**WORK INSTRUCTION:**
Pull out every line below containing the word "degrees".

BEGIN ENTRIES SHOWN

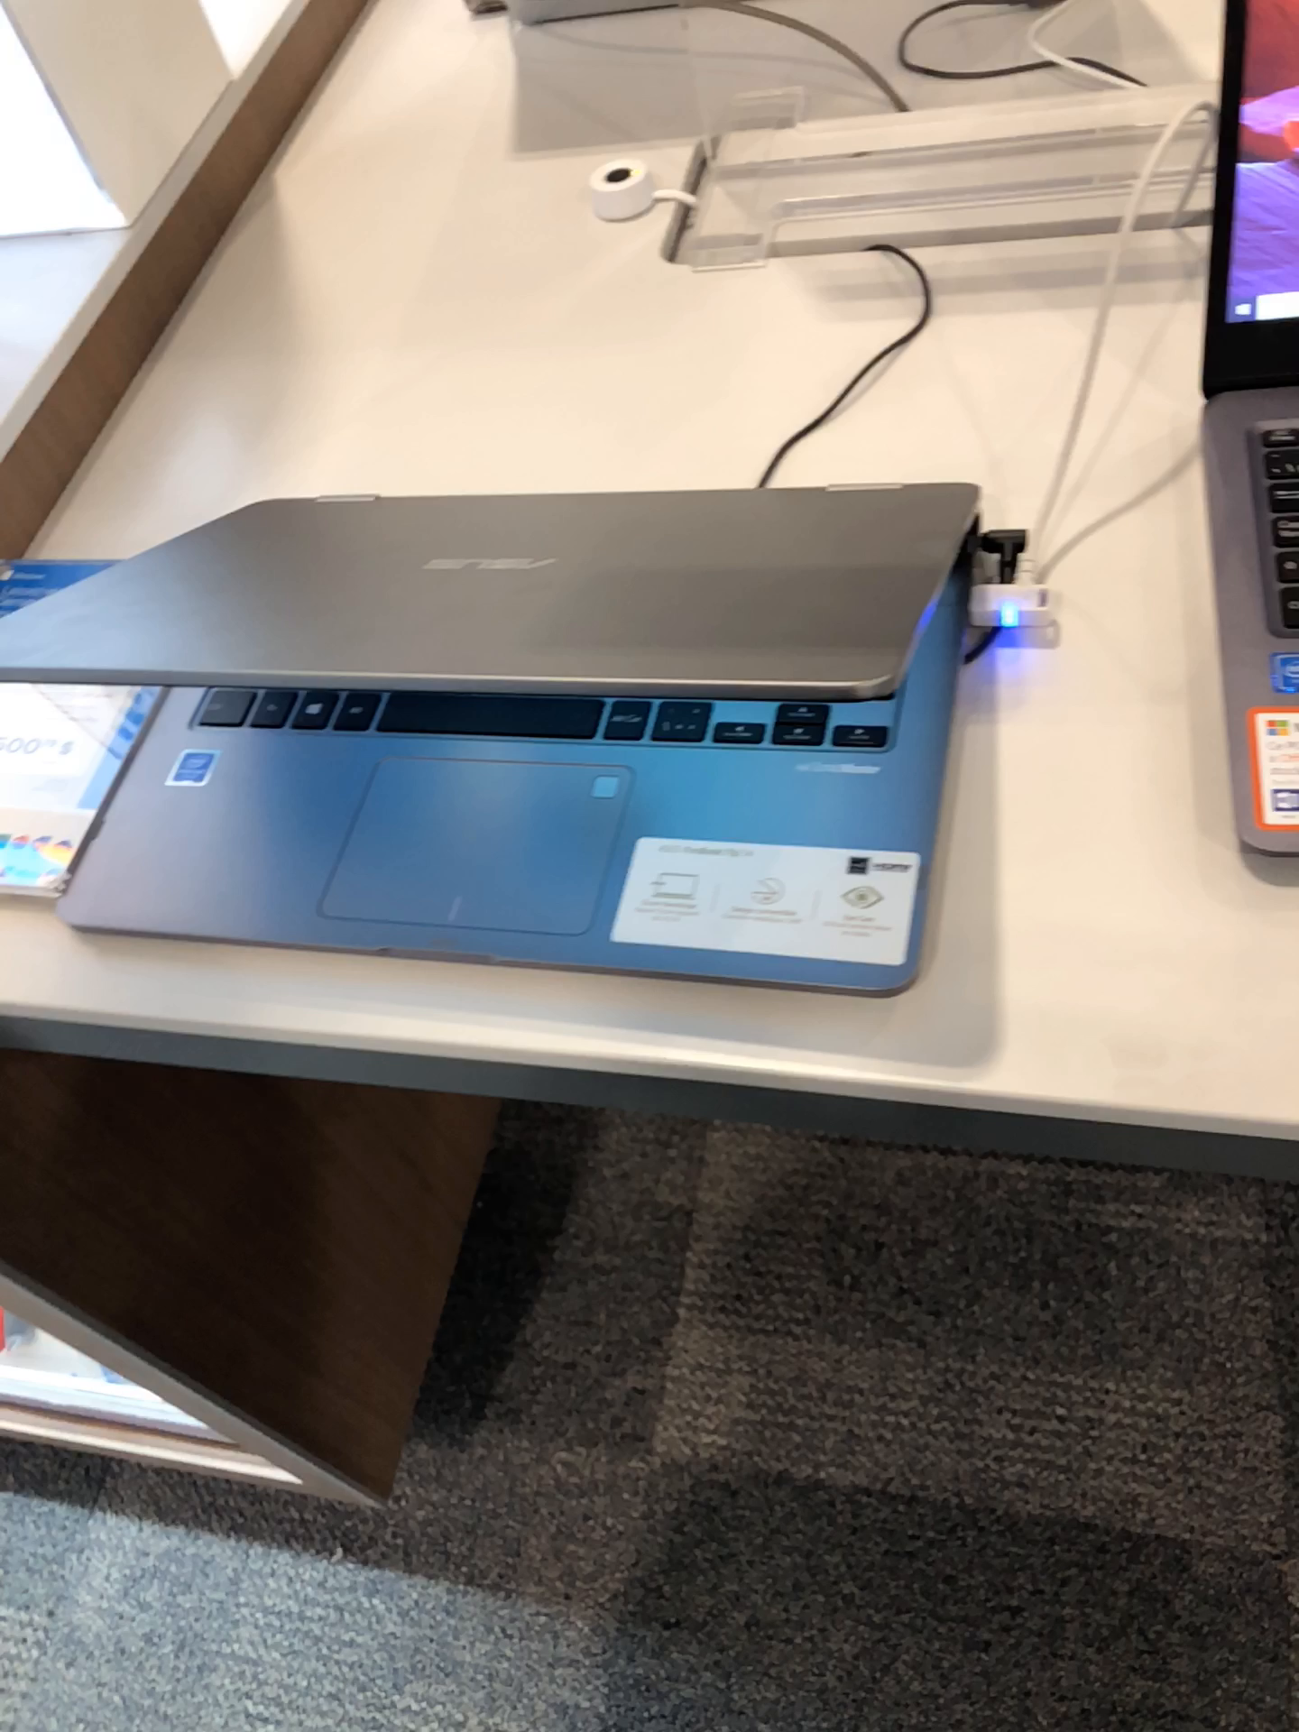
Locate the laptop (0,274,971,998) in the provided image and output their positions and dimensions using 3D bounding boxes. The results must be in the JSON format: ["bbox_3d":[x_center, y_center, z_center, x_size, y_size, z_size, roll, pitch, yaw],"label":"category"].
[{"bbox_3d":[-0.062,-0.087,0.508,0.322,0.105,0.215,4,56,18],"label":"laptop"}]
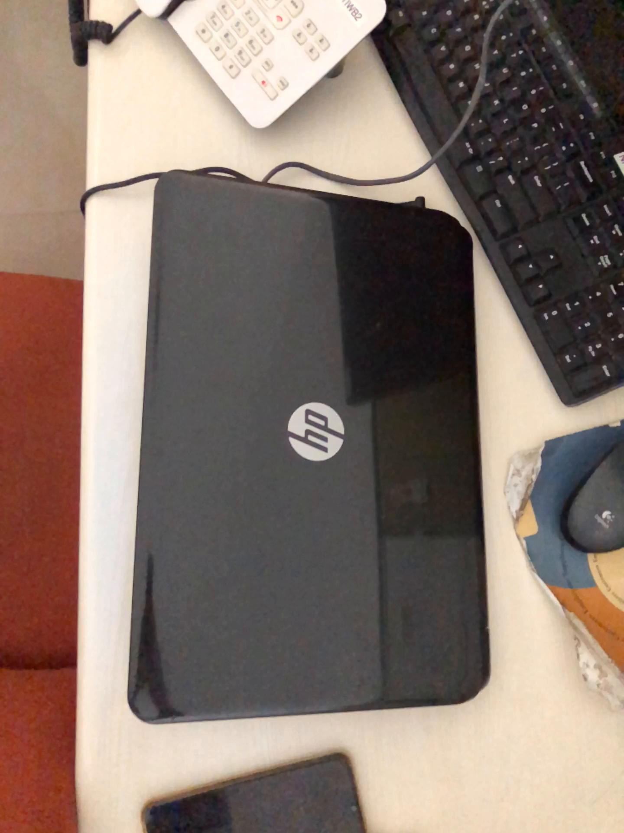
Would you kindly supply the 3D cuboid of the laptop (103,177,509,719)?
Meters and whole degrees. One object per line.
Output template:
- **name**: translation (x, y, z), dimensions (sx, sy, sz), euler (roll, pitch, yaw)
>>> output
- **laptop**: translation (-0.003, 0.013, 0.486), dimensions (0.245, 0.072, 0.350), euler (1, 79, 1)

END ENTRIES SHOWN
BEGIN ENTRIES SHOWN

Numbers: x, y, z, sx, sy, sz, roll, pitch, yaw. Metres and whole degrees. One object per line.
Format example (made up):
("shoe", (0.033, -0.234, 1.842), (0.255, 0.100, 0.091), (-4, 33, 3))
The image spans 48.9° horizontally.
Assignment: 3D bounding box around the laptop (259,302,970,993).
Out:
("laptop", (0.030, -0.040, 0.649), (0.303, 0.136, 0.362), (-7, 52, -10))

END ENTRIES SHOWN

**SOLUTION TO THIS PROBLEM:**
Meters and whole degrees. One object per line.
Numbers: x, y, z, sx, sy, sz, roll, pitch, yaw. Metres and whole degrees. One object per line.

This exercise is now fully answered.